**What the exercise asks:** In the records below, find the line containing "6) pedestrian (1693,840,1747,913)" and the line containing "29) car (954,850,977,864)"; please repeat exactly the lines from one to the other, both included, and nothing more.

**Data to examine:**
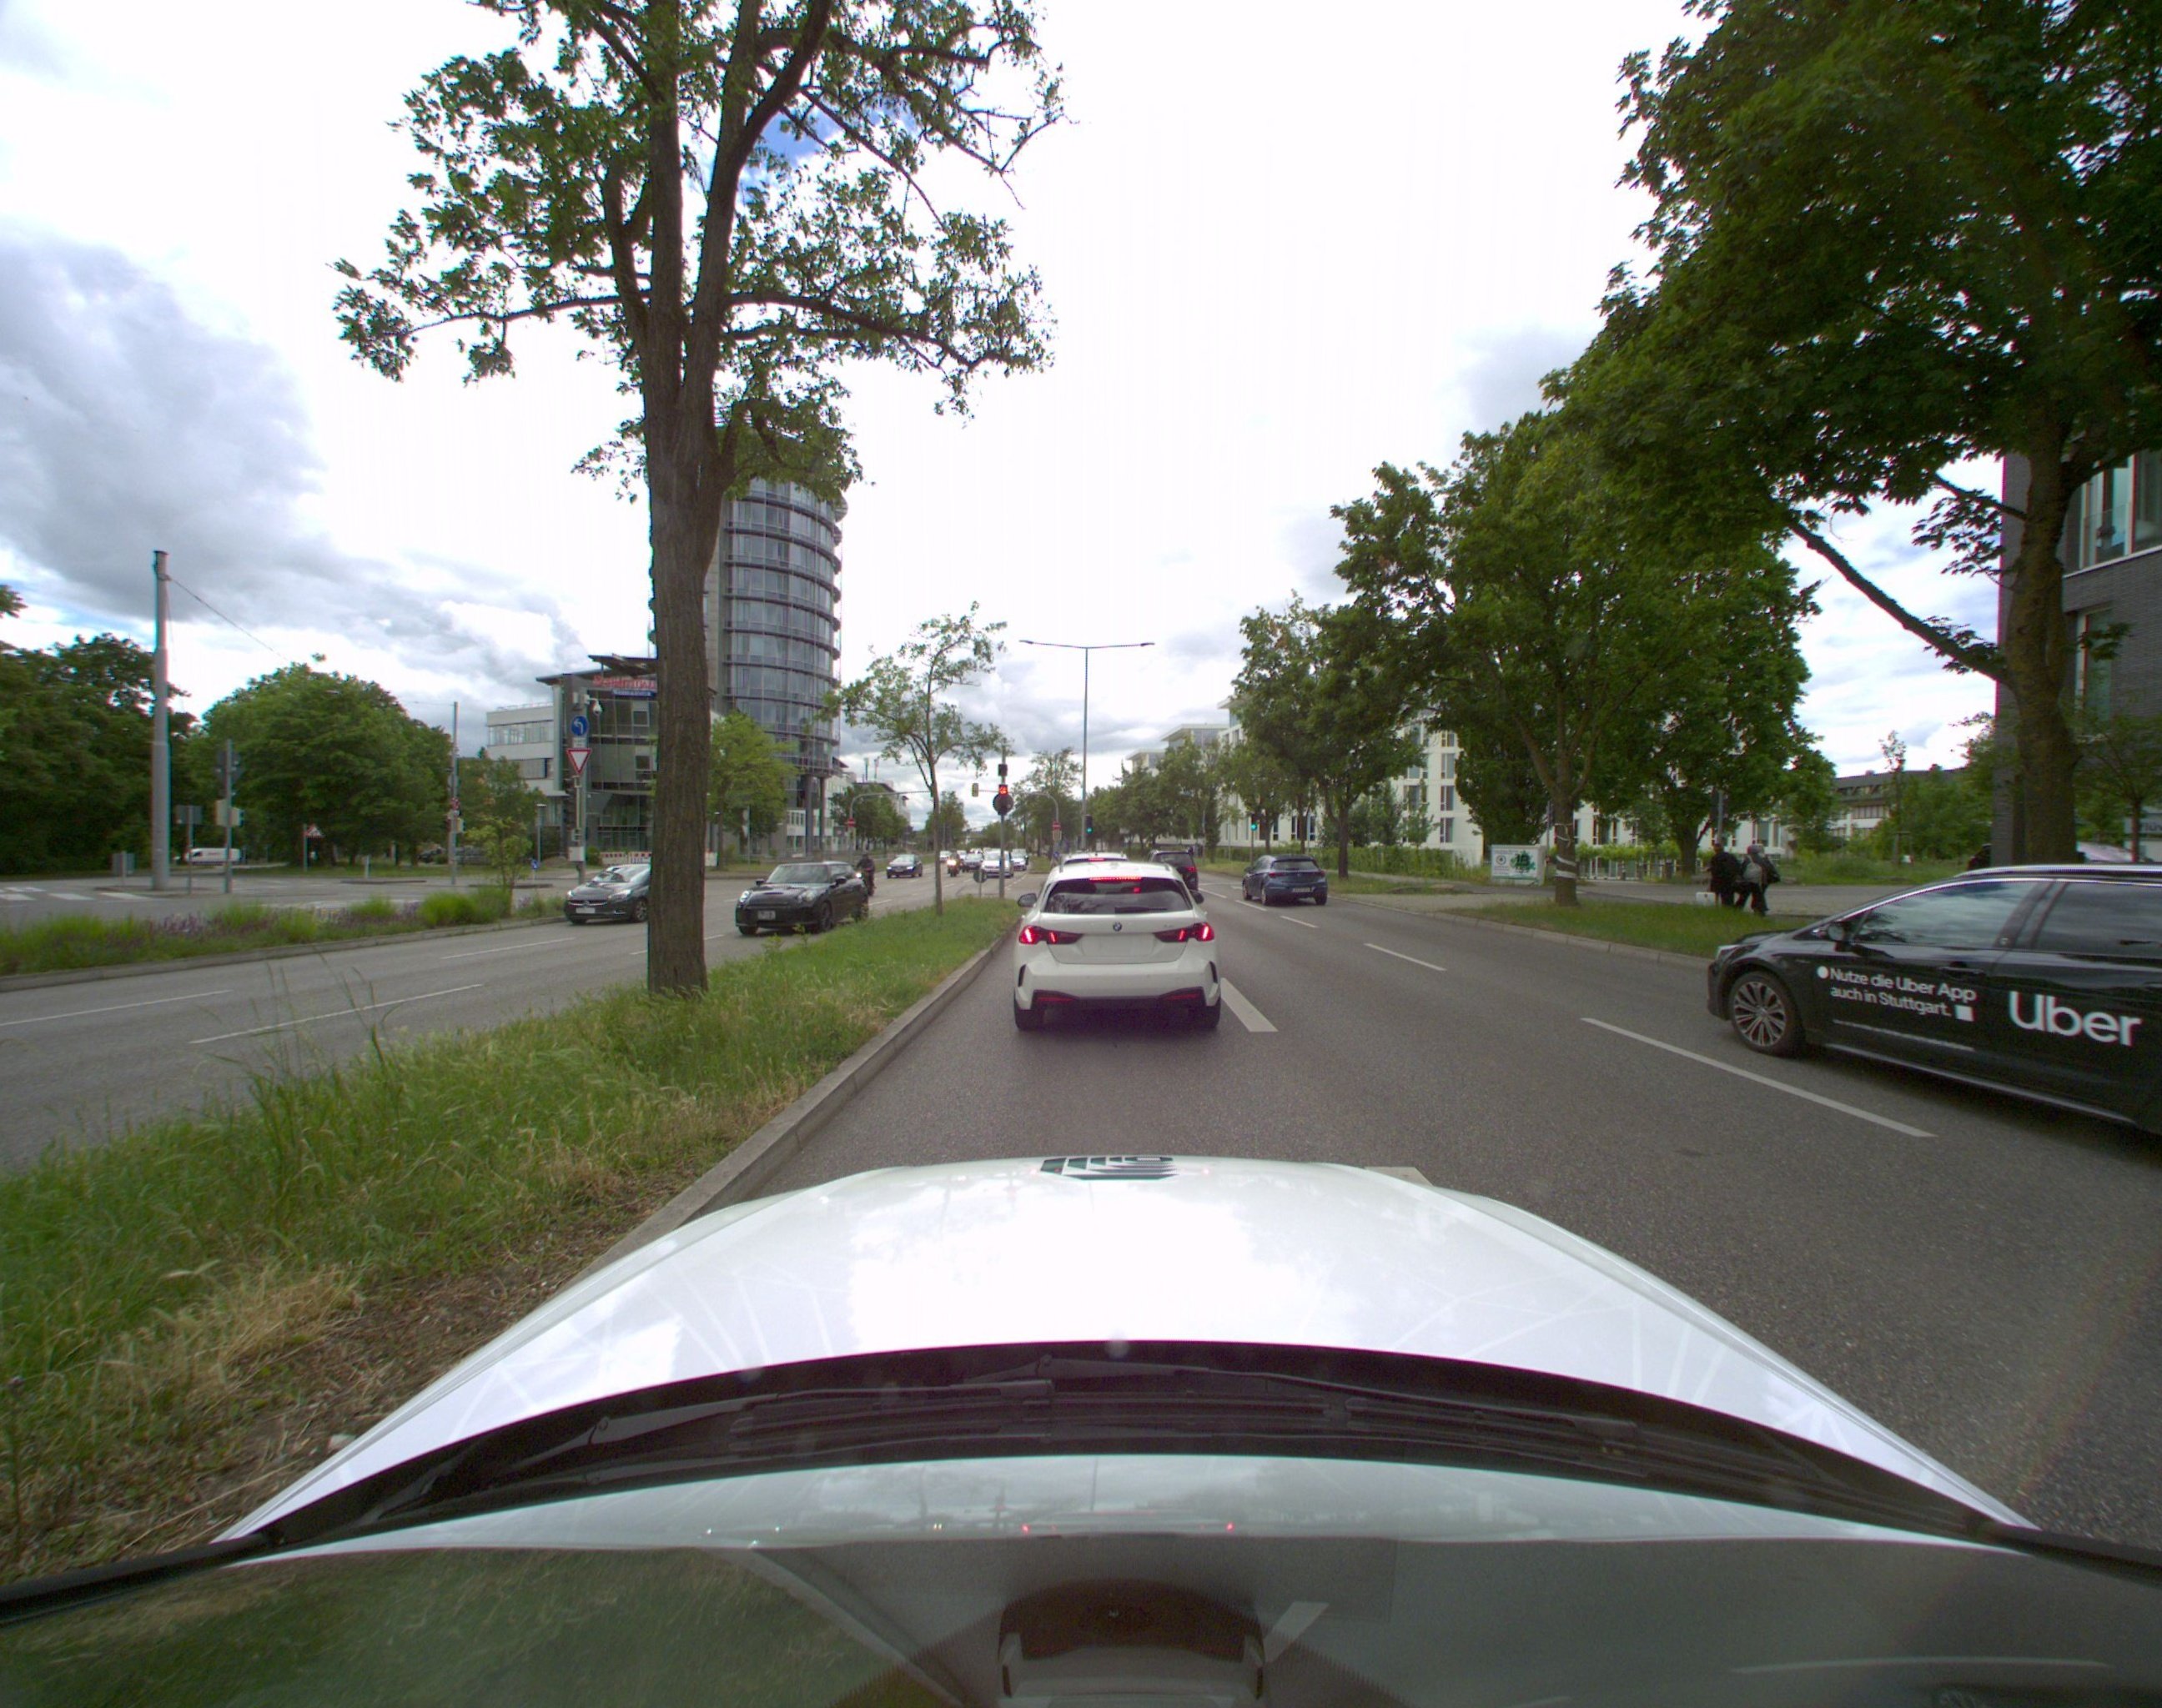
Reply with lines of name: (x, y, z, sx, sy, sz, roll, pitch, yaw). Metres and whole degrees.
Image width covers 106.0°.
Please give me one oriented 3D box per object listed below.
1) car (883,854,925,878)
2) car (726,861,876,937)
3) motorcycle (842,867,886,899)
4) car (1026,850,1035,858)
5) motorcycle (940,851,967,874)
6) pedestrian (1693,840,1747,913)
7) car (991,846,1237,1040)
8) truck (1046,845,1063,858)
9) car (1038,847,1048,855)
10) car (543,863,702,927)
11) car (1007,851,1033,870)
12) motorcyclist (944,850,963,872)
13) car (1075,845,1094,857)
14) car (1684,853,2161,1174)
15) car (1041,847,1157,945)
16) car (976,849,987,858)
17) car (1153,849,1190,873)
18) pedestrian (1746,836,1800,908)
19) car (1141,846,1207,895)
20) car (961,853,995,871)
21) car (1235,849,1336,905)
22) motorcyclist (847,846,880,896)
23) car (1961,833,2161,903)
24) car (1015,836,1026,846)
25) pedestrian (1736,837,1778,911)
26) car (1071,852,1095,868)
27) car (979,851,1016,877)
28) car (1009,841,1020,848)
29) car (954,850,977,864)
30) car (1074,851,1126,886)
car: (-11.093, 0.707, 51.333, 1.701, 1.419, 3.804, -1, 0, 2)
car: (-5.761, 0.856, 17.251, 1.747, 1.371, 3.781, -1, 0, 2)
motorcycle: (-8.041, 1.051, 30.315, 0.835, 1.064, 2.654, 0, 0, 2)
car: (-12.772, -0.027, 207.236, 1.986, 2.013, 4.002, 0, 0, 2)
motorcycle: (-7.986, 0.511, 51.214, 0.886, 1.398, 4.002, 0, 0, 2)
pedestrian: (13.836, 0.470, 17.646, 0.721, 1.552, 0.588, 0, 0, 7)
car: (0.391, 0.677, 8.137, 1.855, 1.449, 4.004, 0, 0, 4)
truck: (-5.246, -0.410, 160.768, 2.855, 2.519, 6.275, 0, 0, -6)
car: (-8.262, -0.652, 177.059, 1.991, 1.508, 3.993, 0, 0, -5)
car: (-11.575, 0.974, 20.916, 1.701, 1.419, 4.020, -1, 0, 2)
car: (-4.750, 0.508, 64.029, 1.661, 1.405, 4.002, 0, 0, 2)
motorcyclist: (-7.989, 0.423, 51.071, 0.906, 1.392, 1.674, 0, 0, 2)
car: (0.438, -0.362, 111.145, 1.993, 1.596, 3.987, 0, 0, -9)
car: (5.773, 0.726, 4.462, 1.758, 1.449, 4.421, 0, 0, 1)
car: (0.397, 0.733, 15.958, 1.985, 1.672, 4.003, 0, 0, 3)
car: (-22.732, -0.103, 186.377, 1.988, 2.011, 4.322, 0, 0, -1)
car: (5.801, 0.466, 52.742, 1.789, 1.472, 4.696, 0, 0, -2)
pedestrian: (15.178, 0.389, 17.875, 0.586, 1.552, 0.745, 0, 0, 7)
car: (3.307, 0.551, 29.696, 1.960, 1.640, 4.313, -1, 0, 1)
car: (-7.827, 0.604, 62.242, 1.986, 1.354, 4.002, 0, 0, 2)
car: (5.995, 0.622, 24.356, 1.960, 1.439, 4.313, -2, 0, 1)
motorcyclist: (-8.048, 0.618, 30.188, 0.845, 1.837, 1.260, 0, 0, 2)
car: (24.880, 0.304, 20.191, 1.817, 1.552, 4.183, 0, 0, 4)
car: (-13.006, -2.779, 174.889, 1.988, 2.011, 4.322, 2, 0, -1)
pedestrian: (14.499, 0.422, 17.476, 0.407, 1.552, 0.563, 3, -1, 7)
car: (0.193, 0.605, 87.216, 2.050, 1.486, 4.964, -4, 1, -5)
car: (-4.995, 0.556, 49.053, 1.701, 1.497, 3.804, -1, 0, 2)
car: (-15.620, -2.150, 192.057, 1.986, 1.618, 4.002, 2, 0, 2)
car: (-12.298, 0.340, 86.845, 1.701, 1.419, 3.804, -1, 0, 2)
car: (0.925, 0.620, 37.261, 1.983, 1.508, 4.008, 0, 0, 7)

**Answer to this task:**
6) pedestrian (1693,840,1747,913)
7) car (991,846,1237,1040)
8) truck (1046,845,1063,858)
9) car (1038,847,1048,855)
10) car (543,863,702,927)
11) car (1007,851,1033,870)
12) motorcyclist (944,850,963,872)
13) car (1075,845,1094,857)
14) car (1684,853,2161,1174)
15) car (1041,847,1157,945)
16) car (976,849,987,858)
17) car (1153,849,1190,873)
18) pedestrian (1746,836,1800,908)
19) car (1141,846,1207,895)
20) car (961,853,995,871)
21) car (1235,849,1336,905)
22) motorcyclist (847,846,880,896)
23) car (1961,833,2161,903)
24) car (1015,836,1026,846)
25) pedestrian (1736,837,1778,911)
26) car (1071,852,1095,868)
27) car (979,851,1016,877)
28) car (1009,841,1020,848)
29) car (954,850,977,864)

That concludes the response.